History
The patient is a 66-year-old woman who first came to medical attention for her heart disease 3 years ago. She had been on a cruise when she initially noticed some functional limitation. She began to have difficulty climbing the stairs and found it necessary to use the elevator. By the end of the cruise she had pedal edema to the midcalf and had to sleep semirecumbant because of shortness of breath while lying flat.
On her return home, she went to see her family doctor, who ordered an echocardiogram. This showed an ejection fraction of 20%. There was trivial mitral regurgitation. The left ventricular mass index was 153 g/m2. The left ventricular end-systolic and end-diastolic dimensions were 44 and 66 mm, respectively. An electrocardiogram (ECG) demonstrated normal sinus rhythm at 77 bpm with left bundle branch block (LBBB) and left axis deviation.
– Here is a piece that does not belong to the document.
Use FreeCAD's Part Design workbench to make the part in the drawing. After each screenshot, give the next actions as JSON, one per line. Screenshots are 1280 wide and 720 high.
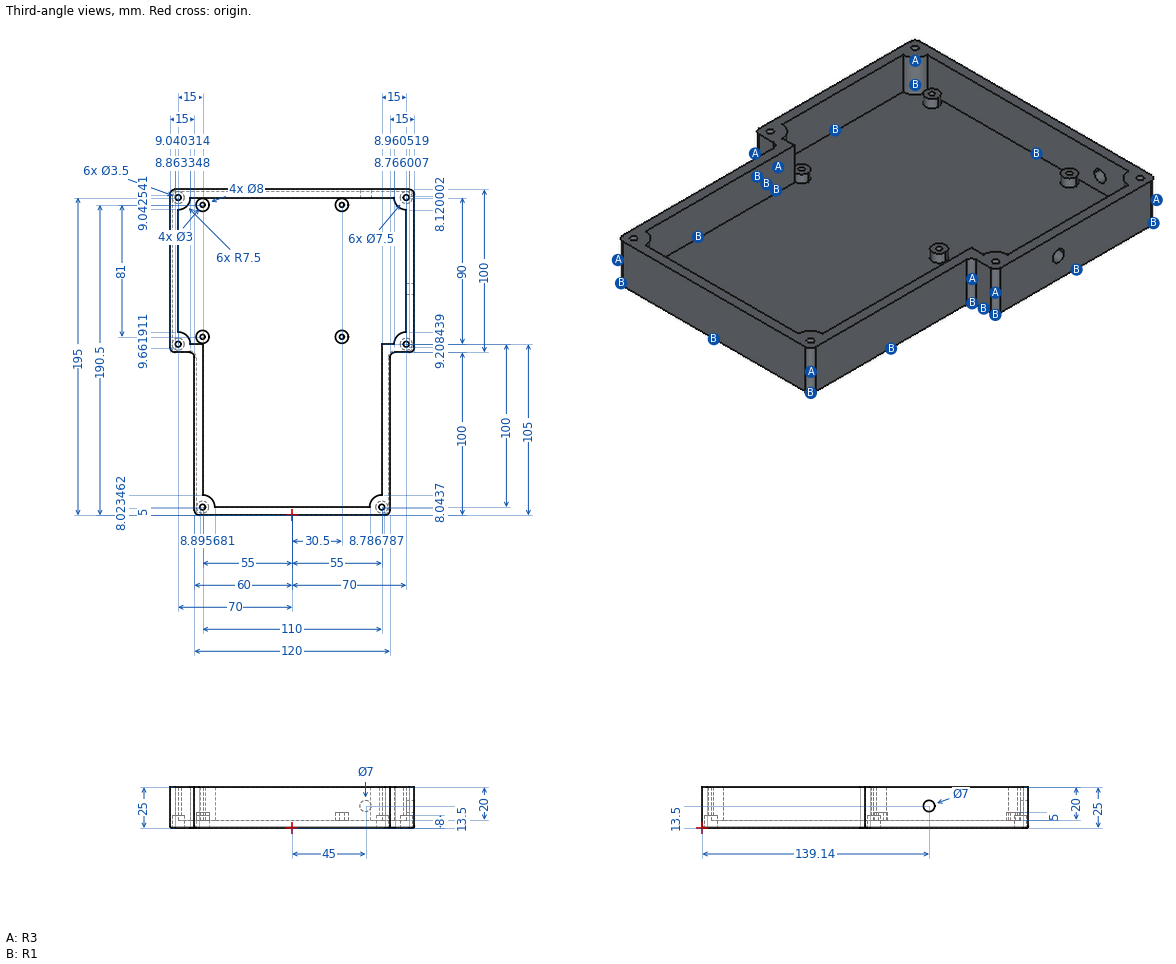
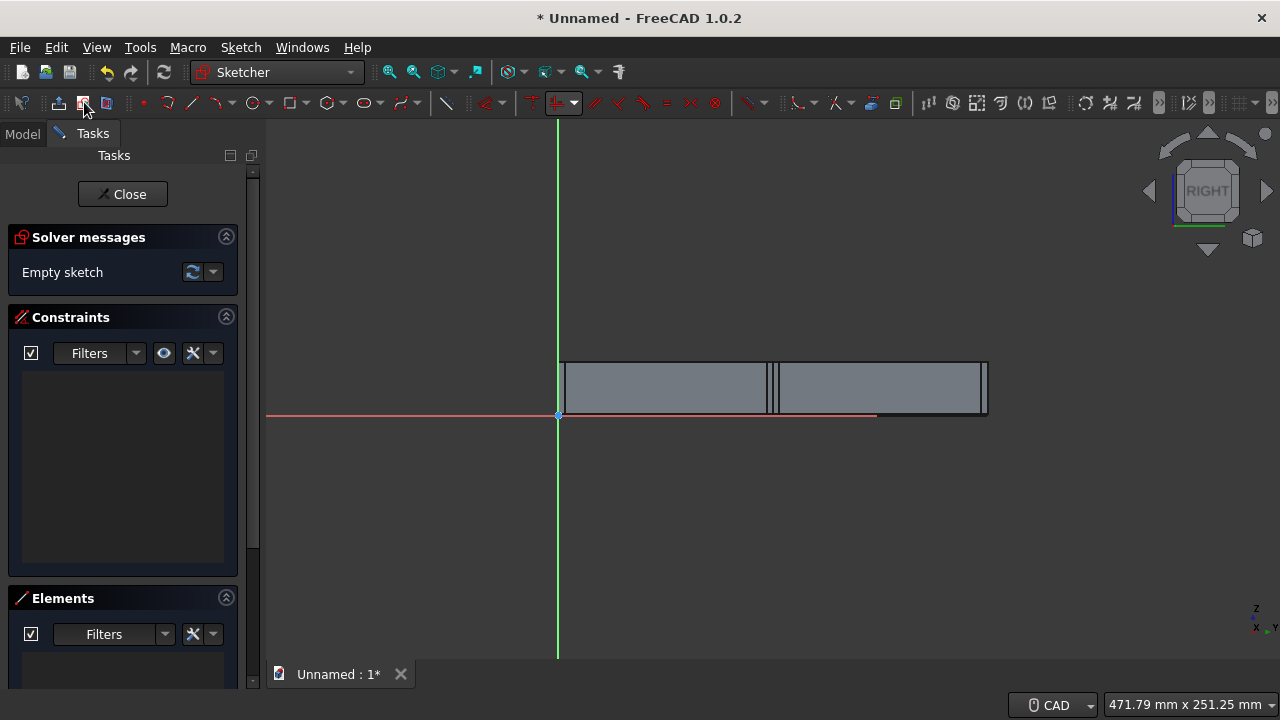
{"action": "scroll", "coordinate": [865, 387], "scroll_direction": "up", "scroll_amount": 15}

She was initially treated with a diuretic (furosemide [Lasix]) and an angiotensin-converting enzyme inhibitor (ramipril). When she became euvolemic a beta blocker was added (carvedilol) and titrated up to target doses.
She underwent a coronary angiogram, which showed no evidence of flow-limiting coronary artery disease.
Her past medical history included smoking (she stopped smoking 3 years ago, after smoking one pack per day for 20 years). She had a history of breast cancer for which she was treated with chemotherapy (including doxorubicin) and radiation. She drinks 1 to 2 glasses of wine on weekend evenings. She has no family history of cardiomyopathy.
The workup for her heart failure revealed no evidence of human immunodeficiency virus, thyroid disease, hemochromatosis, or amyloidosis. She had no recent history of viral infection.
After 9 months of therapy a repeat echocardiogram was performed and showed an ejection fraction of 30%. Her symptoms had improved such that she denied any functional limitation. An exercise stress test was performed to assess her functional ability objectively. She performed a bicycle stress test and was able to perform 3.8 metabolic equivalents. This was deemed to be below expected for her age and gender.
She was referred for a biventricular implantable cardioverter-defibrillator (ICD), but she initially refused because she felt well. During the subsequent 2 years she had one hospitalization for heart failure. At that time her weight was 5 kg over her usual dry weight. She was admitted for a total of 3 days and after intravenous diuretics was back to her baseline weight and functional status.
At a recent visit to the cardiac function clinic it was recommended again that she consider a cardiac resynchronization therapy defibrillator (CRT-D). She wished to discuss it further and was referred to a cardiac electrophysiologist.
Comments
This woman is a 66-year-old woman with nonischemic (presumably chemotherapy induced) cardiomyopathy. Although she denies functional limitation, her exercise stress test demonstrates mild functional limitation (New York Heart Association class II [NYHA]).
Current Medications
The patient takes ramipril 10 mg, carvedilol 25 mg, and spironolactone 12.5 mg in the morning and carvedilol 25 mg in the evening.
Current Symptoms
The patient currently denies orthopnea and paroxysmal nocturnal dyspnea. She is now able to walk eight blocks on the flat surfaces. However, she no longer rides her bike or does aerobics and she takes the elevator instead of the stairs when at the mall.
Comments
This patient has NYHA II heart failure symptoms despite medical therapy. Often, patients will habituate to their functional limitation and feel well. They may not realize that they have changed their lifestyle to accommodate the change in their functional decline.
Physical Examination
Comments
The patient appears mildly volume overloaded.